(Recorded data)
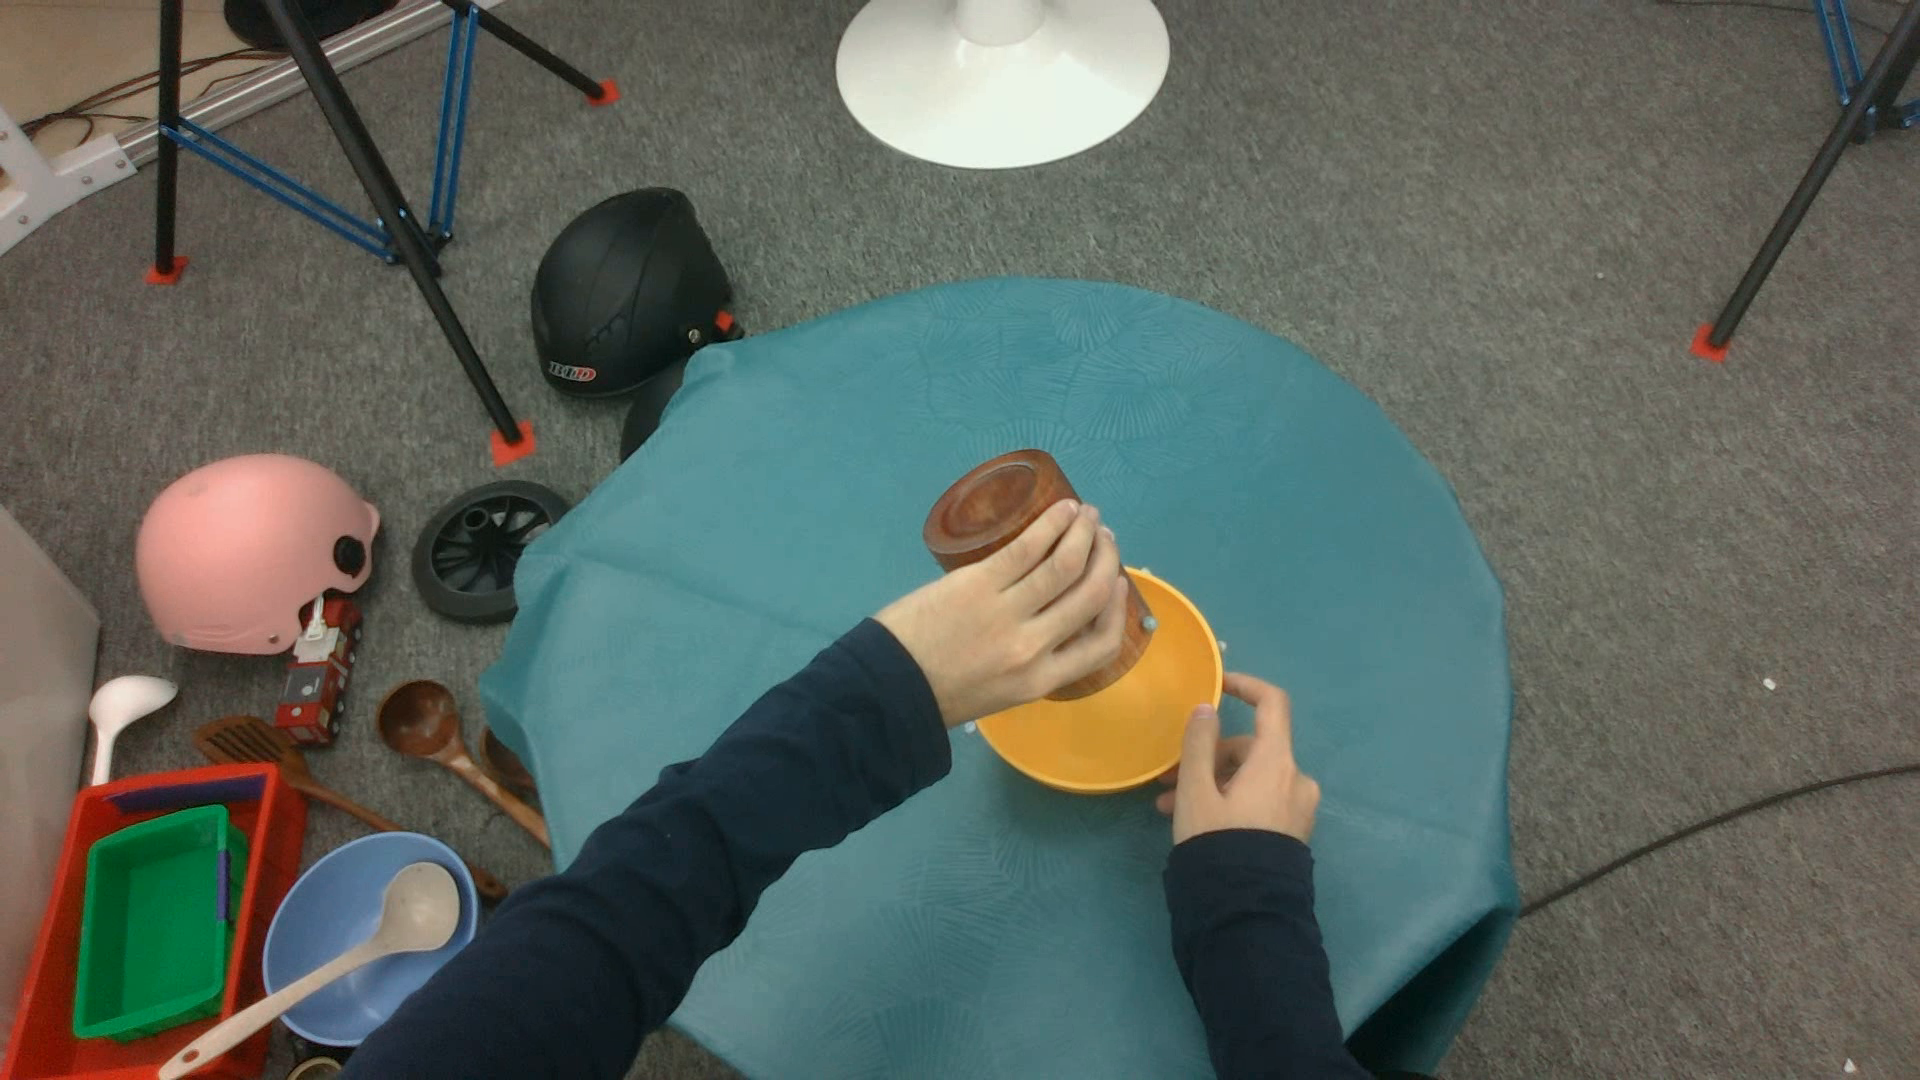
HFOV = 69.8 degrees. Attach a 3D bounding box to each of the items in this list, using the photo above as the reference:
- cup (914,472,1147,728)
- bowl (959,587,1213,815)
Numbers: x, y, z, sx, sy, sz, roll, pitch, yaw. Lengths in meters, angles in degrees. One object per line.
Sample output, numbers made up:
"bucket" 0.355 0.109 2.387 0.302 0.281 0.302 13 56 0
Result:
"cup" 0.038 0.033 0.741 0.087 0.118 0.088 -27 27 15
"bowl" 0.074 0.102 0.808 0.145 0.060 0.146 -3 56 5
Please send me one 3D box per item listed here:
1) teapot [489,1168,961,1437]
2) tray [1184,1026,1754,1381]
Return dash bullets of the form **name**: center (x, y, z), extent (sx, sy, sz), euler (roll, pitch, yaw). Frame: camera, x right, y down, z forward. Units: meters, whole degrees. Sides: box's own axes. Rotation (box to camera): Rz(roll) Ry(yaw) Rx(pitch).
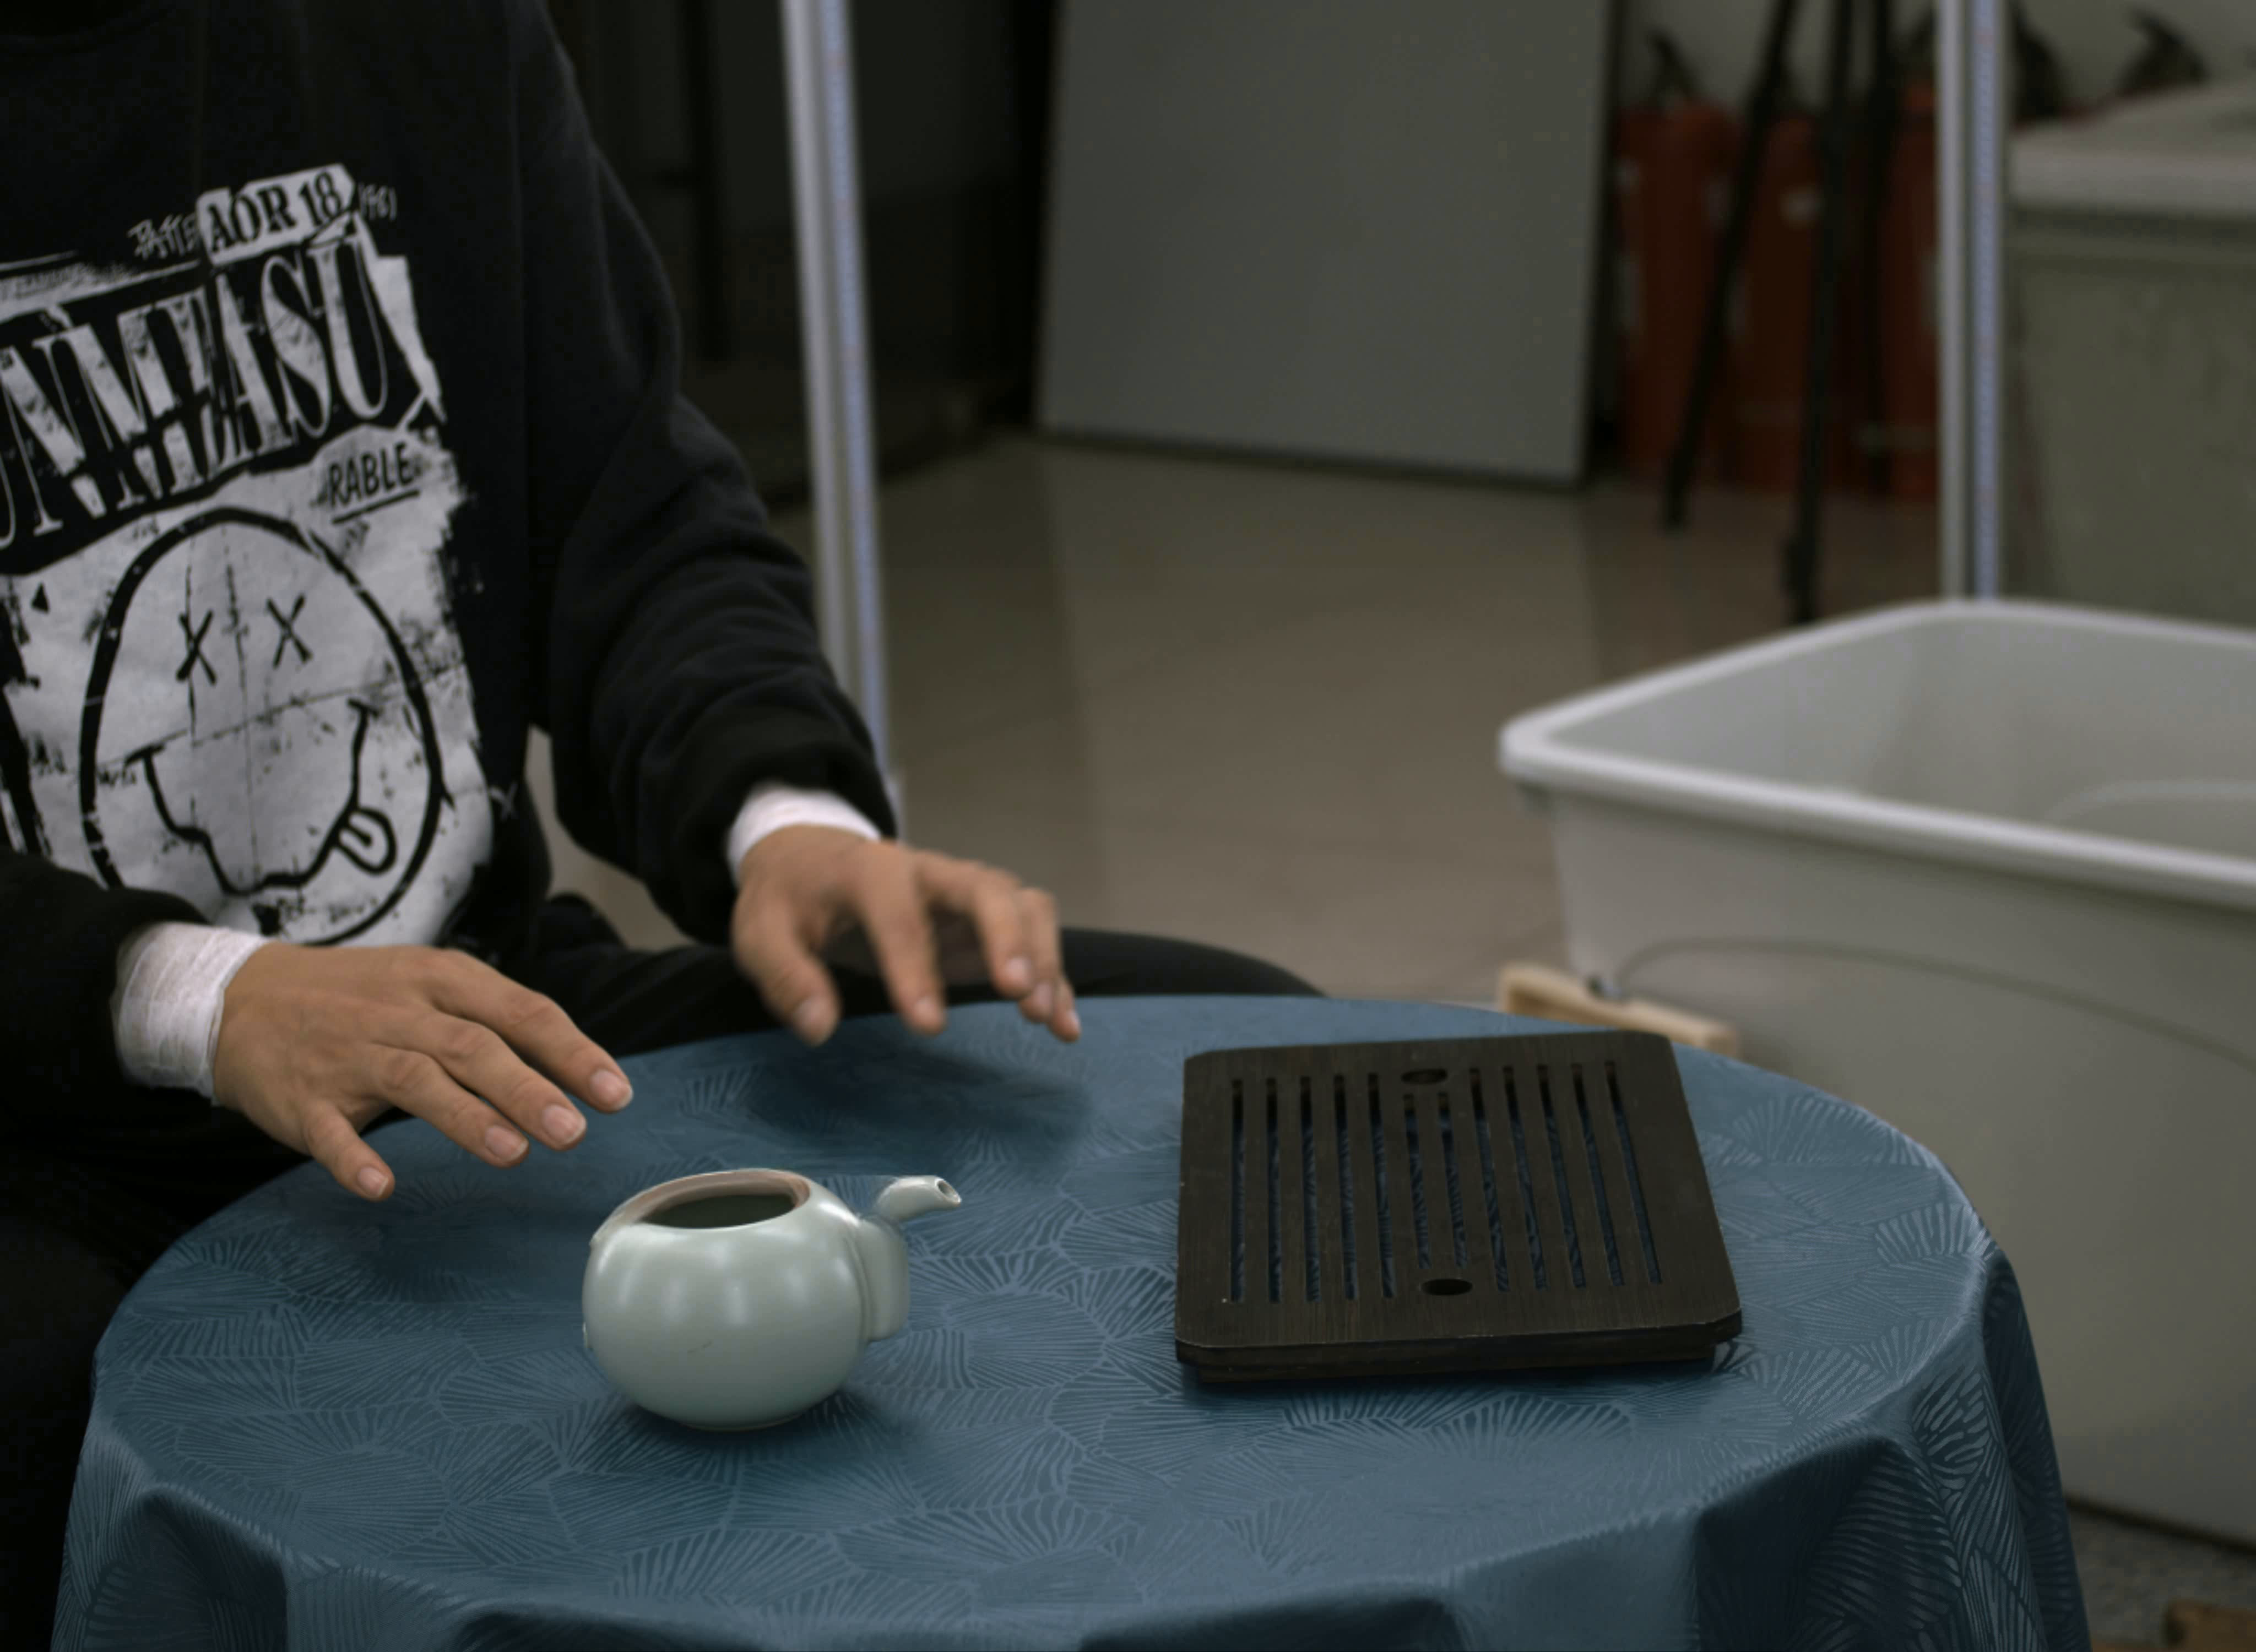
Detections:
- **teapot**: center (-0.117, 0.138, 1.591), extent (0.143, 0.075, 0.088), euler (1, 14, 12)
- **tray**: center (0.104, 0.118, 1.718), extent (0.168, 0.019, 0.306), euler (-4, 14, 3)

* [Problem description]
Among the entries above, the lines between the ones containing "0.302 13 56 0" and "2) tray [1184,1026,1754,1381]", inclusive, are to be transcribed exactly. No other line is to be given.

* [Exercise result]
"bucket" 0.355 0.109 2.387 0.302 0.281 0.302 13 56 0
Result:
"cup" 0.038 0.033 0.741 0.087 0.118 0.088 -27 27 15
"bowl" 0.074 0.102 0.808 0.145 0.060 0.146 -3 56 5
Please send me one 3D box per item listed here:
1) teapot [489,1168,961,1437]
2) tray [1184,1026,1754,1381]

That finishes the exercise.